WHAT THE TASK REQUIRES =>
Using the listing below, copy every line that mentions "unless".

INPUT MATERIAL =>

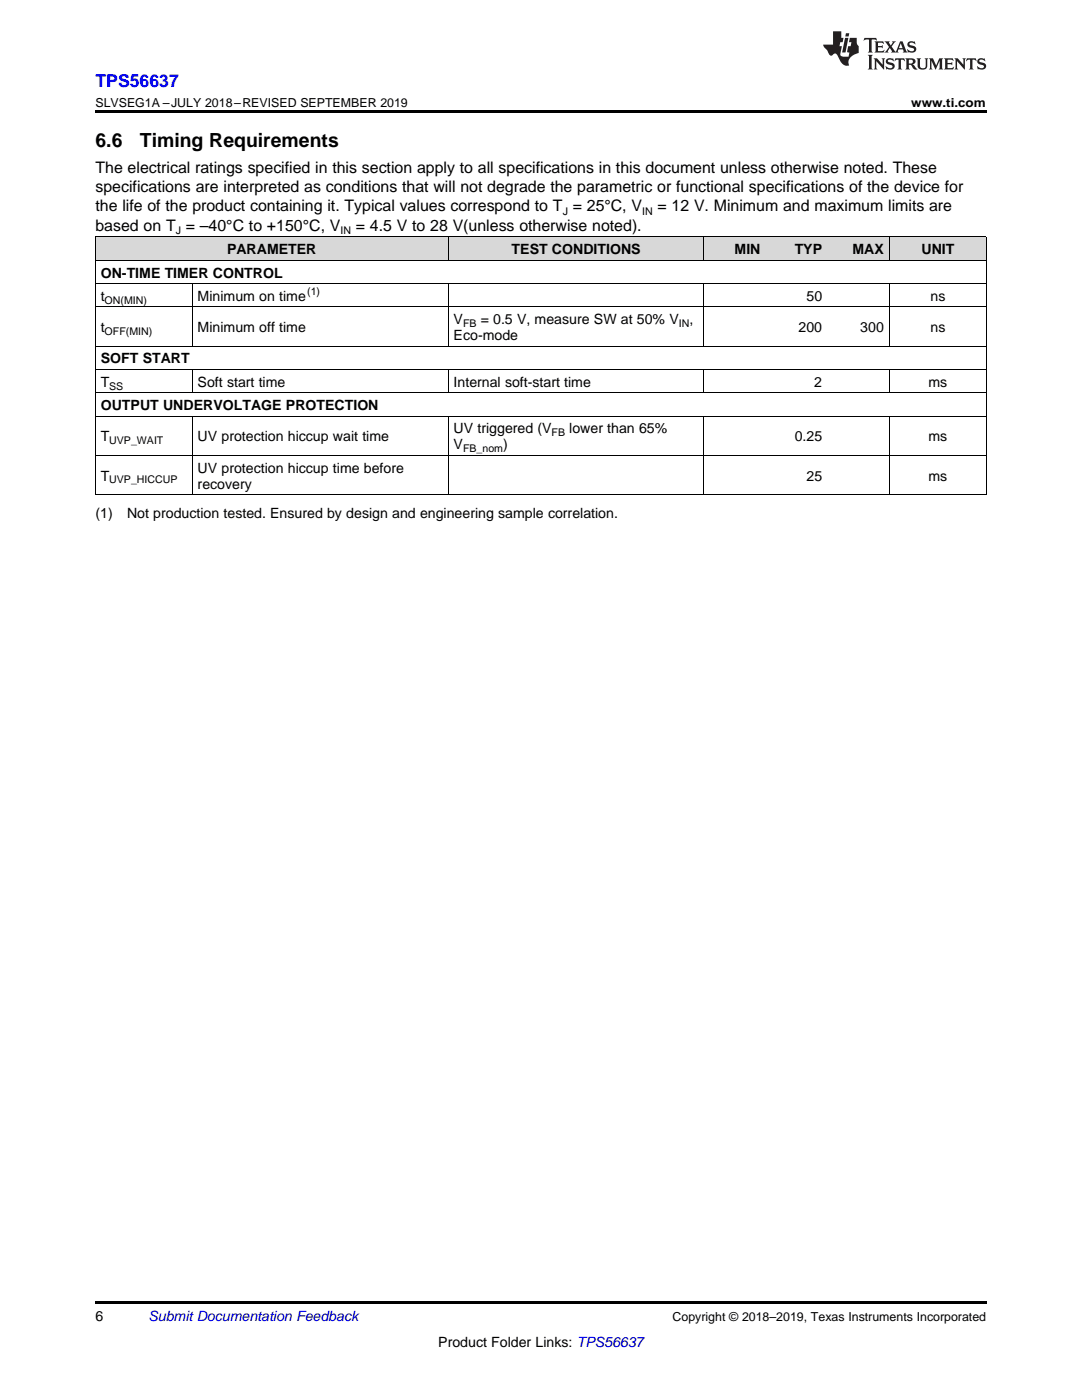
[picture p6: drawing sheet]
<svg xmlns="http://www.w3.org/2000/svg" width="216mm" height="279mm" viewBox="0 0 216 279" stroke-linecap="round" stroke-linejoin="round" font-family="sans-serif">
<defs><g id="words">
<g font-size="3.9">
<text x="19" y="29.3">6.6</text>
<text x="27.9" y="29.3">Timing Requirements</text>
</g>
<text font-size="3.5" fill="#00f" x="19" y="17.3">TPS56637</text>
<g font-size="3.2">
<text x="19" y="34.4">The electrical ratings specified in this section apply to all specifications in this document unless otherwise noted. These</text>
<text x="19" y="38.3">specifications are interpreted as conditions that will not degrade the parametric or functional specifications of the device for</text>
<text x="19" y="42.2">the life of the product containing it. Typical values correspond to T = 25°C, V</text>
<text x="19" y="46.1">based on T = –40°C to +150°C, V</text>
<text x="71" y="46.1">= 4.5 V to 28 V(unless otherwise noted).</text>
<text x="131.2" y="42.2">= 12 V. Minimum and maximum limits are</text>
</g>
<g font-size="2.8">
<text x="45.3" y="50.7">PARAMETER</text>
<text x="102.1" y="50.7">TEST CONDITIONS</text>
<text x="146.6" y="50.7">MIN</text>
<text x="158.6" y="50.7">TYP</text>
<text x="170.1" y="50.7">MAX</text>
<text x="183.9" y="50.7">UNIT</text>
<text x="20.1" y="55.4">ON-TIME TIMER CONTROL</text>
<text x="20.1" y="60">t</text>
<text x="39.4" y="60">Minimum on time</text>
<text x="90.5" y="64.7">V</text>
<text x="95.9" y="64.7">= 0.5 V, measure SW at 50% V</text>
<text x="137.6" y="64.7">,</text>
<text x="160.9" y="60">50</text>
<text x="185.7" y="60">ns</text>
<text x="20.1" y="66.3">t</text>
<text x="39.4" y="66.3">Minimum off time</text>
<text x="90.5" y="67.9">Eco-mode</text>
<text x="159.3" y="66.3">200</text>
<text x="171.7" y="66.3">300</text>
<text x="185.7" y="66.3">ns</text>
<text x="20.1" y="72.5">SOFT START</text>
<text x="20.1" y="77.2">T</text>
<text x="39.4" y="77.2">Soft start time</text>
<text x="90.5" y="77.2">Internal soft-start time</text>
<text x="162.5" y="77.2">2</text>
<text x="185.3" y="77.2">ms</text>
<text x="20.1" y="81.8">OUTPUT UNDERVOLTAGE PROTECTION</text>
<text x="20.1" y="88.1">T</text>
<text x="39.4" y="88.1">UV protection hiccup wait time</text>
<text x="90.5" y="86.5">UV triggered (V</text>
<text x="90.5" y="89.7">V</text>
<text x="100.4" y="89.7">)</text>
<text x="113.6" y="86.5">lower than 65%</text>
<text x="158.6" y="88.1">0.25</text>
<text x="185.3" y="88.1">ms</text>
<text x="20.1" y="95.9">T</text>
<text x="39.4" y="94.3">UV protection hiccup time before</text>
<text x="160.9" y="95.9">25</text>
<text x="185.3" y="95.9">ms</text>
<text x="39.4" y="97.5">recovery</text>
<text x="19" y="103.4">(1)</text>
<text x="25.4" y="103.4">Not production tested. Ensured by design and engineering sample correlation.</text>
<text x="19" y="263.6">6</text>
<text x="87.5" y="268.9">Product Folder Links: TPS56637</text>
</g>
<text font-size="2.8" fill="#0000c8" x="29.6" y="263.6">Submit Documentation Feedback</text>
<g font-size="2.5">
<text x="19" y="21.4">SLVSEG1A –JULY 2018–REVISED SEPTEMBER 2019</text>
<text x="181.8" y="21.4">www.ti.com</text>
<text x="134.2" y="263.6">Copyright © 2018–2019, Texas Instruments Incorporated</text>
</g>
<g font-size="2.1">
<text x="35.1" y="46.7">J</text>
<text x="68" y="46.7">IN</text>
<text x="112.3" y="42.8">J</text>
<text x="128.1" y="42.8">IN</text>
<text x="61.3" y="58.9">(1)</text>
<text x="20.9" y="60.6">ON(MIN)</text>
<text x="92.4" y="65.3">FB</text>
<text x="135.5" y="65.3">IN</text>
<text x="20.9" y="66.9">OFF(MIN)</text>
<text x="21.8" y="77.8">SS</text>
<text x="21.8" y="88.7">UVP_WAIT</text>
<text x="110.1" y="87.1">FB</text>
<text x="92.4" y="90.2">FB_nom</text>
<text x="21.8" y="96.5">UVP_HICCUP</text>
</g>
</g></defs>
<g fill="#d8d8d8">
<path d="M19 47.3h19.4v4.7h-19.4z"/>
<path d="M38.4 47.3h51.1v4.7h-51.1z"/>
<path d="M89.5 47.3h51v4.7h-51z"/>
<path d="M140.5 47.3h12.3v4.7h-12.3z"/>
<path d="M152.8 47.3h12.3v4.7h-12.3z"/>
<path d="M165.1 47.3h12.4v4.7h-12.4z"/>
<path d="M177.5 47.3h19.3v4.7h-19.3z"/>
</g>
<path d="M19 22h177.8v.5h-177.8zM19 98.7l.2 .1zM89.4 98.7l.1 .1zM140.4 98.7l.1 .1zM152.7 98.7l.1 .1zM165 98.7l.1 .1zM177.4 98.7l.1 .1zM196.7 98.7l.1 .1zM19 259.7h177.8v.5h-177.8z" fill="#000"/>
<g fill="none" stroke="#000" stroke-width=".2">
<path d="M19 56.6h177.8M19 51.9h177.8M19 47.3h177.8M19.1 47.3v51.5M38.3 56.6v12.5M89.4 47.3v4.7M89.4 56.6v12.5M140.5 47.3v4.7M140.5 56.6v12.5M177.4 47.3v4.7M177.4 56.6v12.5M196.8 47.3v51.5"/>
<path d="M19 78.4h177.8M19 73.7h177.8M19 69.1h177.8M19 61.3h177.8M38.3 73.8v4.7M89.4 73.8v4.7M140.5 73.8v4.7M177.4 73.8v4.7M19 98.7h177.8M19 90.9h177.8M19 83.1h177.8M38.3 83.1v15.7"/>
<path d="M89.4 83.1v15.7M140.5 83.1v15.7M177.4 83.1v15.7"/>
</g>
<g fill="#231f20">
<path d="M172.5 7.6l-.1 .5 .4-.2h.6v.1v2.1l-.2 .4h.9l-.2-.4v-2.1l.1-.1h.5l.5 .2-.2-.5zM174.5 8.3l.2 .3v1.5l-.2 .4h1.8l.2-.6a1.04 1.04 0 0 1-1.3 .2v-.7h.6l.3 .2v-.6l-.3 .2h-.6v-.6l.8-.1 .4 .3-.2-.5zM176.5 8.3l.9 1.1-.9 1.1h.8l-.2-.2 .4-.7 .5 .7-.2 .2h1.5l-.2-.2 .2-.4h.9l.1 .4-.2 .2h1l-.3-.3-.7-1.9h-.5l-.9 2-.8-1 .9-1h-.8l.1 .3-.4 .5-.3-.6 .1-.2zM179.7 8.6l.4 1h-.7zM181.3 8.4a.63 .63 0 0 0-.2 .7 .63 .63 0 0 0 .6 .4l.6 .2 .1 .2a.75 .75 0 0 1-.7 .4 .75 .75 0 0 1-.6-.5l.1 .7 .1-.1a1.11 1.11 0 0 0 1.5-.6 1.13 1.13 0 0 0-1.2-.8l-.1-.4a1.04 1.04 0 0 1 1.2 .2l-.2-.5-.2 .1-.4-.2zM173.2 10.9l.2 .4v2.2l-.2 .4h1l-.3-.4v-2.2l.3-.4zM174.3 11.6l.3 .4v1.5l-.3 .4h.8l-.2-.4v-1.3l1.5 1.7v-1.9l.2-.4h-.7l.2 .4v.9l-1.1-1.3zM177 11.8a.62 .62 0 0 0-.2 .7 .62 .62 0 0 0 .6 .4l.6 .1 .1 .3a.76 .76 0 0 1-.7 .3 .76 .76 0 0 1-.7-.4l.2 .7 .1-.1a1.11 1.11 0 0 0 1.5-.6 1.13 1.13 0 0 0-1.2-.8l-.1-.4a1.04 1.04 0 0 1 1.2 .2l-.2-.6-.2 .1-.5-.1zM178.7 11.6l-.2 .6a.61 .61 0 0 1 .8-.3v1.6l-.2 .4h.9l-.2-.4v-1.6a.63 .63 0 0 1 .7 .3l-.1-.6zM180.6 11.6l.3 .4v1.5l-.3 .4h1l-.2-.2-.1-.8 .6 .2a.76 .76 0 0 0 1.2 .7l-1-1a.58 .58 0 0 0 .6-.5 .58 .58 0 0 0-.5-.6zM181.4 11.9h.1a.45 .45 0 0 1 .5 .1 .45 .45 0 0 1 .1 .5l-.8 .2zM182.9 11.6l.2 .2a2.17 2.17 0 0 0 .3 1.9 .99 .99 0 0 0 1.6-.6v-1.1l.2-.4h-.7l.2 .2a1.92 1.92 0 0 1-.2 1.8 .6 .6 0 0 1-.9-.5v-1.1l.2-.4zM185.4 11.6l.2 .4v1.5l-.2 .4h.7l-.2-.4v-1.4l.8 1.8 .8-1.8v1.4l-.2 .4h.9l-.2-.4v-1.5l.2-.4h-.8l-.6 1.5-.6-1.5zM188.4 11.6l.2 .4v1.5l-.2 .4h1.8l.1-.6a1.04 1.04 0 0 1-1.2 .1v-.6h.5l.4 .2v-.6l-.4 .2h-.5v-.7h.8l.3 .3-.1-.6zM190.5 11.6l.2 .4v1.5l-.2 .4h.7l-.2-.4v-1.3l1.5 1.7v-1.9l.2-.4h-.7l.2 .4v.9l-1.1-1.3zM192.9 11.6l-.1 .6a.61 .61 0 0 1 .7-.3l.1 1.6-.3 .4h1l-.3-.4 .1-1.6a.63 .63 0 0 1 .7 .3l-.1-.6zM195.2 11.8a.62 .62 0 0 0-.2 .7 .62 .62 0 0 0 .6 .4l.6 .1 .1 .3a.76 .76 0 0 1-.7 .3 .76 .76 0 0 1-.6-.4l.1 .7 .1-.1a1.11 1.11 0 0 0 1.6-.6 1.13 1.13 0 0 0-1.3-.8l-.1-.4a1.04 1.04 0 0 1 1.2 .2l-.1-.6-.2 .1-.5-.1z"/>
<path d="M166.2 6.3v2.6h-1.9v.4l.8 .9a.91 .91 0 0 0 1 .8 .56 .56 0 0 1 .5-.3 .56 .56 0 0 1 .5 .3l.4 .8a1.53 1.53 0 0 0 1.9 1.2 1.54 1.54 0 0 1 1-2.1l.9-.3v-1.4a1.52 1.52 0 0 1-.4-1.6h-1.3l-.2 .8h.5l-.2 .8h-.5l-.1 1v.2l.4 .1-.2 .8a1.93 1.93 0 0 1-1.6-.3l.3-1.8h-.5l.2-.8h.4l.2-.8h-.4v-1.3zM168.6 7.6l-.6 2.9h.7l.6-2.9zM168.8 6.6l-.1 .7h.6l.2-.7z"/>
</g>
<use href="#words"/>
</svg>

YOUR RESPONSE =>
<text x="19" y="34.4">The electrical ratings specified in this section apply to all specifications in this document unless otherwise noted. These</text>
<text x="71" y="46.1">= 4.5 V to 28 V(unless otherwise noted).</text>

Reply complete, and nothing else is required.